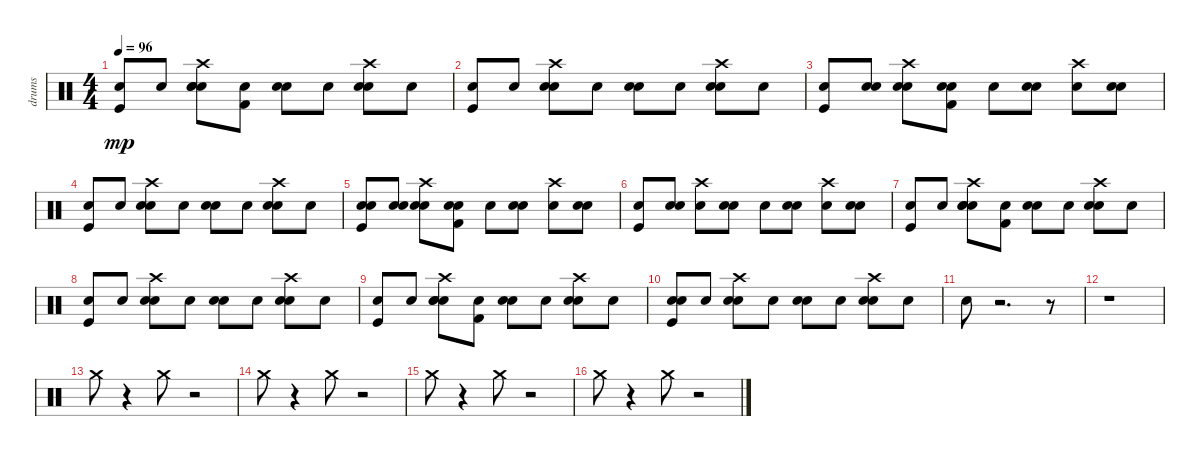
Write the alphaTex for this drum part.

\track ("drums" "drums") {instrument percussion}
\staff {score}
\articulation defaults
\ts (4 4)
\tempo 96
\clef neutral
\ks c
("Snare (hit) 2" "Kick (hit)").8{dy mp} "Snare (hit) 2".8 ("Snare (hit) 2" "Snare (hit) 2" "Electric Snare (hit)" "Crash high (hit)").8 ("Snare (hit) 2" "Kick (hit) 2").8 ("Snare (hit) 2" "Snare (hit) 2").8 "Snare (hit) 2".8 ("Snare (hit) 2" "Snare (hit) 2" "Crash high (hit)").8 "Snare (hit) 2".8 |
("Kick (hit)" "Snare (hit) 2").8 "Snare (hit) 2".8 ("Snare (hit) 2" "Crash high (hit)" "Snare (hit) 2").8 "Snare (hit) 2".8 ("Snare (hit) 2" "Snare (hit) 2").8 "Snare (hit) 2".8 ("Snare (hit) 2" "Snare (hit) 2" "Crash high (hit)").8 "Snare (hit) 2".8 |
("Kick (hit)" "Snare (hit) 2").8 ("Snare (hit) 2" "Snare (hit) 2").8 ("Crash high (hit)" "Electric Snare (hit)" "Snare (hit) 2").8 ("Kick (hit) 2" "Snare (hit) 2" "Snare (hit) 2").8 "Snare (hit) 2".8 ("Snare (hit) 2" "Snare (hit) 2").8 ("Snare (hit) 2" "Crash high (hit)").8 ("Snare (hit) 2" "Snare (hit) 2").8 |
("Kick (hit)" "Snare (hit) 2").8 "Snare (hit) 2".8 ("Snare (hit) 2" "Crash high (hit)" "Snare (hit) 2").8 "Snare (hit) 2".8 ("Snare (hit) 2" "Snare (hit) 2").8 "Snare (hit) 2".8 ("Snare (hit) 2" "Snare (hit) 2" "Crash high (hit)").8 "Snare (hit) 2".8 |
("Kick (hit)" "Snare (hit) 2" "Snare (hit) 2").8 ("Snare (hit) 2" "Snare (hit) 2").8 ("Crash high (hit)" "Electric Snare (hit)" "Snare (hit) 2").8 ("Kick (hit) 2" "Snare (hit) 2" "Snare (hit) 2").8 "Snare (hit) 2".8 ("Snare (hit) 2" "Snare (hit) 2").8 ("Snare (hit) 2" "Crash high (hit)").8 ("Snare (hit) 2" "Snare (hit) 2").8 |
("Kick (hit)" "Snare (hit) 2").8 ("Snare (hit) 2" "Snare (hit) 2").8 ("Crash high (hit)" "Snare (hit) 2").8 ("Snare (hit) 2" "Snare (hit) 2").8 "Snare (hit) 2".8 ("Snare (hit) 2" "Snare (hit) 2").8 ("Snare (hit) 2" "Crash high (hit)").8 ("Snare (hit) 2" "Snare (hit) 2").8 |
("Snare (hit) 2" "Kick (hit)").8 "Snare (hit) 2".8 ("Snare (hit) 2" "Crash high (hit)" "Electric Snare (hit)" "Snare (hit) 2").8 ("Kick (hit) 2" "Snare (hit) 2").8 ("Snare (hit) 2" "Snare (hit) 2").8 "Snare (hit) 2".8 ("Snare (hit) 2" "Snare (hit) 2" "Crash high (hit)").8 "Snare (hit) 2".8 |
("Kick (hit)" "Snare (hit) 2").8 "Snare (hit) 2".8 ("Snare (hit) 2" "Crash high (hit)" "Snare (hit) 2").8 "Snare (hit) 2".8 ("Snare (hit) 2" "Snare (hit) 2").8 "Snare (hit) 2".8 ("Snare (hit) 2" "Snare (hit) 2" "Crash high (hit)").8 "Snare (hit) 2".8 |
("Snare (hit) 2" "Kick (hit)").8 "Snare (hit) 2".8 ("Snare (hit) 2" "Crash high (hit)" "Electric Snare (hit)" "Snare (hit) 2").8 ("Kick (hit) 2" "Snare (hit) 2").8 ("Snare (hit) 2" "Snare (hit) 2").8 "Snare (hit) 2".8 ("Snare (hit) 2" "Snare (hit) 2" "Crash high (hit)").8 "Snare (hit) 2".8 |
("Snare (hit) 2" "Snare (hit) 2" "Kick (hit)").8 "Snare (hit) 2".8 ("Snare (hit) 2" "Crash high (hit)" "Snare (hit) 2").8 "Snare (hit) 2".8 ("Snare (hit) 2" "Snare (hit) 2").8 "Snare (hit) 2".8 ("Snare (hit) 2" "Snare (hit) 2" "Crash high (hit)").8 "Snare (hit) 2".8 |
"Snare (hit) 2".8 r.2{d} r.8 |
r.1 |
"Crash medium (hit)".8 r.4 "Crash medium (hit)".8 r.2 |
"Crash medium (hit)".8 r.4 "Crash medium (hit)".8 r.2 |
"Crash medium (hit)".8 r.4 "Crash medium (hit)".8 r.2 |
"Crash medium (hit)".8 r.4 "Crash medium (hit)".8 r.2
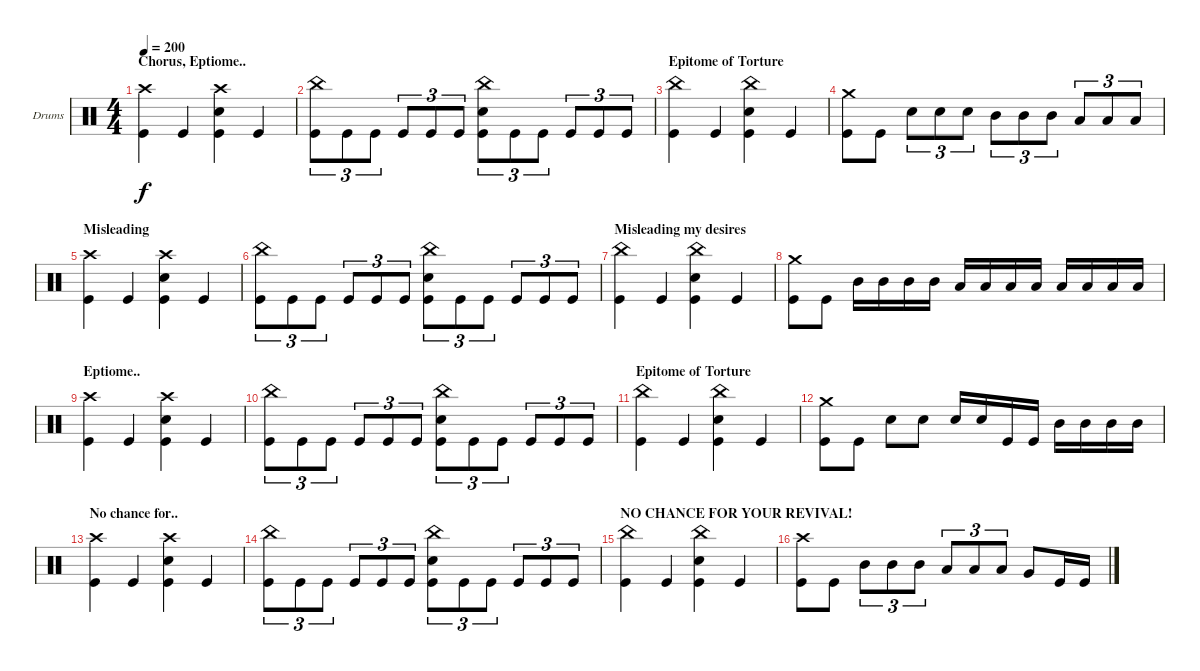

**What needs to be done:** Faithful copy, images left out: write out every line of data.

**Exercise output:**
Write the alphaTex for this drum part.

\track ("drums" "drums") {instrument percussion}
\staff {score}
\articulation defaults
\ts (4 4)
\tempo 96
\clef neutral
\ks c
("Snare (hit) 2" "Kick (hit)").8{dy mp} "Snare (hit) 2".8 ("Snare (hit) 2" "Snare (hit) 2" "Electric Snare (hit)" "Crash high (hit)").8 ("Snare (hit) 2" "Kick (hit) 2").8 ("Snare (hit) 2" "Snare (hit) 2").8 "Snare (hit) 2".8 ("Snare (hit) 2" "Snare (hit) 2" "Crash high (hit)").8 "Snare (hit) 2".8 |
("Kick (hit)" "Snare (hit) 2").8 "Snare (hit) 2".8 ("Snare (hit) 2" "Crash high (hit)" "Snare (hit) 2").8 "Snare (hit) 2".8 ("Snare (hit) 2" "Snare (hit) 2").8 "Snare (hit) 2".8 ("Snare (hit) 2" "Snare (hit) 2" "Crash high (hit)").8 "Snare (hit) 2".8 |
("Kick (hit)" "Snare (hit) 2").8 ("Snare (hit) 2" "Snare (hit) 2").8 ("Crash high (hit)" "Electric Snare (hit)" "Snare (hit) 2").8 ("Kick (hit) 2" "Snare (hit) 2" "Snare (hit) 2").8 "Snare (hit) 2".8 ("Snare (hit) 2" "Snare (hit) 2").8 ("Snare (hit) 2" "Crash high (hit)").8 ("Snare (hit) 2" "Snare (hit) 2").8 |
("Kick (hit)" "Snare (hit) 2").8 "Snare (hit) 2".8 ("Snare (hit) 2" "Crash high (hit)" "Snare (hit) 2").8 "Snare (hit) 2".8 ("Snare (hit) 2" "Snare (hit) 2").8 "Snare (hit) 2".8 ("Snare (hit) 2" "Snare (hit) 2" "Crash high (hit)").8 "Snare (hit) 2".8 |
("Kick (hit)" "Snare (hit) 2" "Snare (hit) 2").8 ("Snare (hit) 2" "Snare (hit) 2").8 ("Crash high (hit)" "Electric Snare (hit)" "Snare (hit) 2").8 ("Kick (hit) 2" "Snare (hit) 2" "Snare (hit) 2").8 "Snare (hit) 2".8 ("Snare (hit) 2" "Snare (hit) 2").8 ("Snare (hit) 2" "Crash high (hit)").8 ("Snare (hit) 2" "Snare (hit) 2").8 |
("Kick (hit)" "Snare (hit) 2").8 ("Snare (hit) 2" "Snare (hit) 2").8 ("Crash high (hit)" "Snare (hit) 2").8 ("Snare (hit) 2" "Snare (hit) 2").8 "Snare (hit) 2".8 ("Snare (hit) 2" "Snare (hit) 2").8 ("Snare (hit) 2" "Crash high (hit)").8 ("Snare (hit) 2" "Snare (hit) 2").8 |
("Snare (hit) 2" "Kick (hit)").8 "Snare (hit) 2".8 ("Snare (hit) 2" "Crash high (hit)" "Electric Snare (hit)" "Snare (hit) 2").8 ("Kick (hit) 2" "Snare (hit) 2").8 ("Snare (hit) 2" "Snare (hit) 2").8 "Snare (hit) 2".8 ("Snare (hit) 2" "Snare (hit) 2" "Crash high (hit)").8 "Snare (hit) 2".8 |
("Kick (hit)" "Snare (hit) 2").8 "Snare (hit) 2".8 ("Snare (hit) 2" "Crash high (hit)" "Snare (hit) 2").8 "Snare (hit) 2".8 ("Snare (hit) 2" "Snare (hit) 2").8 "Snare (hit) 2".8 ("Snare (hit) 2" "Snare (hit) 2" "Crash high (hit)").8 "Snare (hit) 2".8 |
("Snare (hit) 2" "Kick (hit)").8 "Snare (hit) 2".8 ("Snare (hit) 2" "Crash high (hit)" "Electric Snare (hit)" "Snare (hit) 2").8 ("Kick (hit) 2" "Snare (hit) 2").8 ("Snare (hit) 2" "Snare (hit) 2").8 "Snare (hit) 2".8 ("Snare (hit) 2" "Snare (hit) 2" "Crash high (hit)").8 "Snare (hit) 2".8 |
("Snare (hit) 2" "Snare (hit) 2" "Kick (hit)").8 "Snare (hit) 2".8 ("Snare (hit) 2" "Crash high (hit)" "Snare (hit) 2").8 "Snare (hit) 2".8 ("Snare (hit) 2" "Snare (hit) 2").8 "Snare (hit) 2".8 ("Snare (hit) 2" "Snare (hit) 2" "Crash high (hit)").8 "Snare (hit) 2".8 |
"Snare (hit) 2".8 r.2{d} r.8 |
r.1 |
"Crash medium (hit)".8 r.4 "Crash medium (hit)".8 r.2 |
"Crash medium (hit)".8 r.4 "Crash medium (hit)".8 r.2 |
"Crash medium (hit)".8 r.4 "Crash medium (hit)".8 r.2 |
"Crash medium (hit)".8 r.4 "Crash medium (hit)".8 r.2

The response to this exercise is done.